En la vida como en el futbol, se puede perder contra el rival pero no contra el miedo. Hoy fue lo que experimentó México, una vez más. Tuvo a Holanda contra la lona y le dio miedo dar el siguiente paso, la estocada definitiva para romper con la inercia del fracaso que nos ha perseguido durante dos décadas en las justas mundialistas. Parecía que hoy sería distinto, que el Piojo Herrera se moriría con la suya, que se la jugaría al frente como hizo en la primera fase del Mundial Brasil 2014. Pero no fue así.

La pesadilla mexicana comenzó luego de anotar el primer gol. El sufrimiento de ir ganando. Vaya ironía. El escenario parecía inmejorable. Al verse abajo en el marcador, Holanda tendría que arriesgar, abrir espacios. Las condiciones estaban dadas para responder agresivamente y finiquitar el partido. Pero no. El carismático entrenador mexicano decidió traicionar su filosofía de juego al hacer su primer cambio defensivo. En un movimiento táctico difícil de entender, sacó a Giovani, autor del gol tricolor, para meter a Aquino, quien de manera circunstancial logró colarse de último minuto a Brasil. Herrera tuvo miedo de perder la ventaja. Apostó por mantener la diferencia mínima desde el minuto 60. Era demasiado prematuro para echarse atrás. Los holandeses, rugidos de gol, se vinieron encima. Además de perder el control de la media cancha, México perdió pegada al frente. El cambio de Oribe Peralta por Chicharito terminó por desdibujar el parado de los verdes sobre el terreno de juego, debido a que el delantero del Manchester United requiere de un cómplice al frente para hacer daño a la defensa rival y abrir los espacios necesarios para que sus compañeros lleguen con claridad a la meta enemiga. Nada de eso ocurrió.

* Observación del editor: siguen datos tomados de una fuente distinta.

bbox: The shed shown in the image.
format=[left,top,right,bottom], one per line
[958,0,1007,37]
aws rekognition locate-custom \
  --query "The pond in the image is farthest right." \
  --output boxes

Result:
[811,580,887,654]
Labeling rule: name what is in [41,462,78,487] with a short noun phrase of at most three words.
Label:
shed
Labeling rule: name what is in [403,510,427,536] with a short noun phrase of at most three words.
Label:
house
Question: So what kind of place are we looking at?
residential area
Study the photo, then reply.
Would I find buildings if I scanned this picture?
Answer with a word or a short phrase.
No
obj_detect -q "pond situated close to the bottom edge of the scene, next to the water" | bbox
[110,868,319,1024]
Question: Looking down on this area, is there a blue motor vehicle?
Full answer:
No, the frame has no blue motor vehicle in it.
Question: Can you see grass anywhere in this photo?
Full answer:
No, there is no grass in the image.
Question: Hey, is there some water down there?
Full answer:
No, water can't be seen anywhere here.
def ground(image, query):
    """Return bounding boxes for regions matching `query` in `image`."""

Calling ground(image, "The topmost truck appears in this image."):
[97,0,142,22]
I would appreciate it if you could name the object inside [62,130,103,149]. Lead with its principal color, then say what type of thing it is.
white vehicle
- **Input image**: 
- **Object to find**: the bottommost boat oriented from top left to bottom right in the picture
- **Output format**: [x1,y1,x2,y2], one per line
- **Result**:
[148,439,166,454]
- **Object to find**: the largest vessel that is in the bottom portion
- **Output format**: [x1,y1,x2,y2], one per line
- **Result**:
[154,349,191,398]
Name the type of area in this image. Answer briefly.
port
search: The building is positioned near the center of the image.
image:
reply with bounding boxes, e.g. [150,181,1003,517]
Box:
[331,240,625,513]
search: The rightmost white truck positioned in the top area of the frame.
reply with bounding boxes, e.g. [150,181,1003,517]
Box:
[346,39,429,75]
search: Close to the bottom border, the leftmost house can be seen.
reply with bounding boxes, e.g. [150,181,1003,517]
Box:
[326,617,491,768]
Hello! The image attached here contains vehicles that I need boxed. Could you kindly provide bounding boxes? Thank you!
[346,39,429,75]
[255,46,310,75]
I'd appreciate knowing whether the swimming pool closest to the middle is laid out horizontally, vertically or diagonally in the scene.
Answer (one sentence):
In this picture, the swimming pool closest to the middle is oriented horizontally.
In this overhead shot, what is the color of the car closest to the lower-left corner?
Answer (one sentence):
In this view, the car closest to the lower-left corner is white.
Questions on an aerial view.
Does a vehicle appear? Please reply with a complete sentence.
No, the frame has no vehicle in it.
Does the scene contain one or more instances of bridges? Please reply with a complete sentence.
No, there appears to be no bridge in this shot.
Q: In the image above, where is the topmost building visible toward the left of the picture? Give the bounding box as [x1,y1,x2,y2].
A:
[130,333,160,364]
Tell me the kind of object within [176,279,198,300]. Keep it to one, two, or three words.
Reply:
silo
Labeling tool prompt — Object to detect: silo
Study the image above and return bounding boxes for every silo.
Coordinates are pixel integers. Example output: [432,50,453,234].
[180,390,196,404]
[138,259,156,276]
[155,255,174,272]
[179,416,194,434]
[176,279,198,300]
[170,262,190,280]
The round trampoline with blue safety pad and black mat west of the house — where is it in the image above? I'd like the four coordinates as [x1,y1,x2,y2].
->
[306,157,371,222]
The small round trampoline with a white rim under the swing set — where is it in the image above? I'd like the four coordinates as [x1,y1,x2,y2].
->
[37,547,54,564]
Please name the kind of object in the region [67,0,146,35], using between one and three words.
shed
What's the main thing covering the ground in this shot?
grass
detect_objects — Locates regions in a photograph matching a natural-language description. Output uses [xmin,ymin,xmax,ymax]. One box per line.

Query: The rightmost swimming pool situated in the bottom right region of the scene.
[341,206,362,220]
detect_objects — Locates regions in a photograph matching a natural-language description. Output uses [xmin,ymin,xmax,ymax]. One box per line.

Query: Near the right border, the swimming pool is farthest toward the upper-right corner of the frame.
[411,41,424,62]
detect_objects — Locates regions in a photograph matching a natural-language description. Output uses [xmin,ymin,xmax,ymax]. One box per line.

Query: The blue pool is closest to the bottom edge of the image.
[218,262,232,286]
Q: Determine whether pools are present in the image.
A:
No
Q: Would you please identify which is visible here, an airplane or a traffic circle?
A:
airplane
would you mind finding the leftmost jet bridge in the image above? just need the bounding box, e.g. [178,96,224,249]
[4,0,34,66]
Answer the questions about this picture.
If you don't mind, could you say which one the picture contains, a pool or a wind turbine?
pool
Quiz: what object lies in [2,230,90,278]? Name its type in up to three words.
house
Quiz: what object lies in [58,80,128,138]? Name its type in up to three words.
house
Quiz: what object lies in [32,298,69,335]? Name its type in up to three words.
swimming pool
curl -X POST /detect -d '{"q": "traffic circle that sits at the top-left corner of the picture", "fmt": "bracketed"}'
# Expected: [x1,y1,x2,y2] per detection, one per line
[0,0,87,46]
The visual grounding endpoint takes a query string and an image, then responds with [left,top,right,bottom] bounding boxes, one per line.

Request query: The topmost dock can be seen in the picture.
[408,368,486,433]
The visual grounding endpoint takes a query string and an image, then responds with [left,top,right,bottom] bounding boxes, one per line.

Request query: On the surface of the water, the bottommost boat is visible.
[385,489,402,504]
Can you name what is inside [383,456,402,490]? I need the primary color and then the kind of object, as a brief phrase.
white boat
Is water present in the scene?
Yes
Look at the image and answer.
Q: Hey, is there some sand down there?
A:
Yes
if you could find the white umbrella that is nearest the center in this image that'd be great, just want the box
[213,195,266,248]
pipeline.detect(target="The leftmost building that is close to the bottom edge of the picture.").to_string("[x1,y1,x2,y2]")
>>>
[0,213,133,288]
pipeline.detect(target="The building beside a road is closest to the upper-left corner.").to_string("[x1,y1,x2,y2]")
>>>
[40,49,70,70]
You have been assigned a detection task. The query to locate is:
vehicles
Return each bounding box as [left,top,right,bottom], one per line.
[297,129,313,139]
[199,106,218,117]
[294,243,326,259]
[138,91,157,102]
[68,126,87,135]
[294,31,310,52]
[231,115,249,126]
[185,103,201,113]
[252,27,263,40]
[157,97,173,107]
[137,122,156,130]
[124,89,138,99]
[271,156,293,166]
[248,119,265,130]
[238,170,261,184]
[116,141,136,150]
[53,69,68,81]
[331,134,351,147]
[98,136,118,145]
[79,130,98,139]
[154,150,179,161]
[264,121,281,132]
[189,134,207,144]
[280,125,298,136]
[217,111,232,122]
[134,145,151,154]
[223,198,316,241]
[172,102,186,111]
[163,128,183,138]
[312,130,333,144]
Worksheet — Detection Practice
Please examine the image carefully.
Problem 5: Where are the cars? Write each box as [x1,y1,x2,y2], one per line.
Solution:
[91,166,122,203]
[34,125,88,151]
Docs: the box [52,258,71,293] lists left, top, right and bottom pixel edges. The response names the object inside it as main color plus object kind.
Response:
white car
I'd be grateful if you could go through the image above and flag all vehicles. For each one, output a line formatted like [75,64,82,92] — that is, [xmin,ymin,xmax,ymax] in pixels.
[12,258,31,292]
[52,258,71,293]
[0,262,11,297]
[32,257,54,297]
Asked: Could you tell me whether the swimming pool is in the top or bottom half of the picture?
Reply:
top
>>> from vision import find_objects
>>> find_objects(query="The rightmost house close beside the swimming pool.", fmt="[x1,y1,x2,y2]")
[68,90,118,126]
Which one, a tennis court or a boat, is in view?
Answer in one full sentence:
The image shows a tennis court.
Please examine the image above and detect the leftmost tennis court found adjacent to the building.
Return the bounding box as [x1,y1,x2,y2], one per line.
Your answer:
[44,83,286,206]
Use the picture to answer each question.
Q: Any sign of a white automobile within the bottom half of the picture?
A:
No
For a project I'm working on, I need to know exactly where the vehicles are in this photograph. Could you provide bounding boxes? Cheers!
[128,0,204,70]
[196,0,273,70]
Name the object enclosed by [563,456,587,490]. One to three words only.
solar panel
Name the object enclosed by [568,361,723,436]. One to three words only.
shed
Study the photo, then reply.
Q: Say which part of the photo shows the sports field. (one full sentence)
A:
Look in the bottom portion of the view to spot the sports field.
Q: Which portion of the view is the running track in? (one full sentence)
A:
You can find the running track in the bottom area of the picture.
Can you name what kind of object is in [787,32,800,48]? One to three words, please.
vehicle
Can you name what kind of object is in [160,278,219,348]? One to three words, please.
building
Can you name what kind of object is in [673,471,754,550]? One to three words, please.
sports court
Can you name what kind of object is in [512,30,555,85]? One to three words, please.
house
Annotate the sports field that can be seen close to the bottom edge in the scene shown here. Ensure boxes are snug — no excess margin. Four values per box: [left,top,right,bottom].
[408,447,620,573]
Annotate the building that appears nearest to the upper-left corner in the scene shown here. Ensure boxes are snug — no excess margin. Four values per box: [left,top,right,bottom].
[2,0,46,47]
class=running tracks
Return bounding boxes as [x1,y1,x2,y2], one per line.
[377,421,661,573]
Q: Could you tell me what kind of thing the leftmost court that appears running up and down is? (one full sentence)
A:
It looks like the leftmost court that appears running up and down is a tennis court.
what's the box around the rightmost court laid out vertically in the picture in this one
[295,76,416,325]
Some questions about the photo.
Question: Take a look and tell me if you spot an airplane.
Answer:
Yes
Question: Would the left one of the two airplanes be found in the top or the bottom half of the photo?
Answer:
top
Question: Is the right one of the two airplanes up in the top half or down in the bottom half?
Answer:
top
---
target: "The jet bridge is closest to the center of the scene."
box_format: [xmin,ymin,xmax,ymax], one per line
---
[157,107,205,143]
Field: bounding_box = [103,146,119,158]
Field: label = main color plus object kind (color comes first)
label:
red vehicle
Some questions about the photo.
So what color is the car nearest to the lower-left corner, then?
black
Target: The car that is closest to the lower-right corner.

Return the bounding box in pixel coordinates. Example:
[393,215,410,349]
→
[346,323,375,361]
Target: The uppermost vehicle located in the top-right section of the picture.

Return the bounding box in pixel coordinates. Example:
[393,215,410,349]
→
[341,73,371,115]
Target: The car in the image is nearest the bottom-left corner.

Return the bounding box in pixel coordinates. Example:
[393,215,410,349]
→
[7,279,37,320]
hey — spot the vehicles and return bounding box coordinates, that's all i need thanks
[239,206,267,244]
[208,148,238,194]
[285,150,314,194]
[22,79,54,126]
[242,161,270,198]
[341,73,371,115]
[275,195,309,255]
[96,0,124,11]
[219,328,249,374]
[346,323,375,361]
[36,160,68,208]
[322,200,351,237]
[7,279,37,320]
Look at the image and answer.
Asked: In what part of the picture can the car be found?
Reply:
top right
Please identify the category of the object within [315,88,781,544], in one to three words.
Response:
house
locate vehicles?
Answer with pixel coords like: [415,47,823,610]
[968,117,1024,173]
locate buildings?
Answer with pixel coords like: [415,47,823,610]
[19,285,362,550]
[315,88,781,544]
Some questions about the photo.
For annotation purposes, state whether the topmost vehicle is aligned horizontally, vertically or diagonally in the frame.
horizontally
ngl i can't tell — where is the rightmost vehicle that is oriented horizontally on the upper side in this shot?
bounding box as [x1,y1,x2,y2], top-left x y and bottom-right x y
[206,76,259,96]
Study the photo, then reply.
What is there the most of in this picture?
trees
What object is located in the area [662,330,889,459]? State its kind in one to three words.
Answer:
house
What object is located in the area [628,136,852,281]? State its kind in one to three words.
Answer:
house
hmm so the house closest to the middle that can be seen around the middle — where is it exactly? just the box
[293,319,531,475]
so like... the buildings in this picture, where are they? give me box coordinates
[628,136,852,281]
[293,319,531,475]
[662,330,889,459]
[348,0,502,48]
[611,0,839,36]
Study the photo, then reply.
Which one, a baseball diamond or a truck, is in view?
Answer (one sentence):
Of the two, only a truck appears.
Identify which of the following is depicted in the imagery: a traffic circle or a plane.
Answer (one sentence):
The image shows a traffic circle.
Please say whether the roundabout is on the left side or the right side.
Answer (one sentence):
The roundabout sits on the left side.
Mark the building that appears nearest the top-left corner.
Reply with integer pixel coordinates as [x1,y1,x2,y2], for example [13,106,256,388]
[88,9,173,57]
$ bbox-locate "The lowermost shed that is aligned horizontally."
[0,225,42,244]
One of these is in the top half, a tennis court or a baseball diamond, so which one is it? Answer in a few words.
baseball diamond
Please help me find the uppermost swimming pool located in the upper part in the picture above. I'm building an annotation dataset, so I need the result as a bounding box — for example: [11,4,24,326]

Las llegadas con peligro del cuadro europeo fueron cada vez más insistentes. El portero Guillermo Ochoa hizo gala de sus reflejos felinos en un par de ocasiones para mantener el resultado. La fatalidad rondaba en el aire. Era cuestión de tiempo para que cayera un gol en contra. Un rebote seguido de un potente disparo de Wesley Sneijder acabó con la esperanza de romper la maldición. El penal solo terminó por confirmar la hipótesis. Aún cuando los holandeses fallaran la pena máxima, la suerte estaba echada. El cuadro nacional no tenía con qué responder al frente tras quemar todos sus cambios. México perdió por el miedo a perder. Otra vez. Otra tarde triste de sueños que se van directo a la coladera. Otra vez la impotencia, la frustración. En el futbol como en la vida, hay formas de perder. México optó por una particularmente dolorosa: el terror de salir a ganar.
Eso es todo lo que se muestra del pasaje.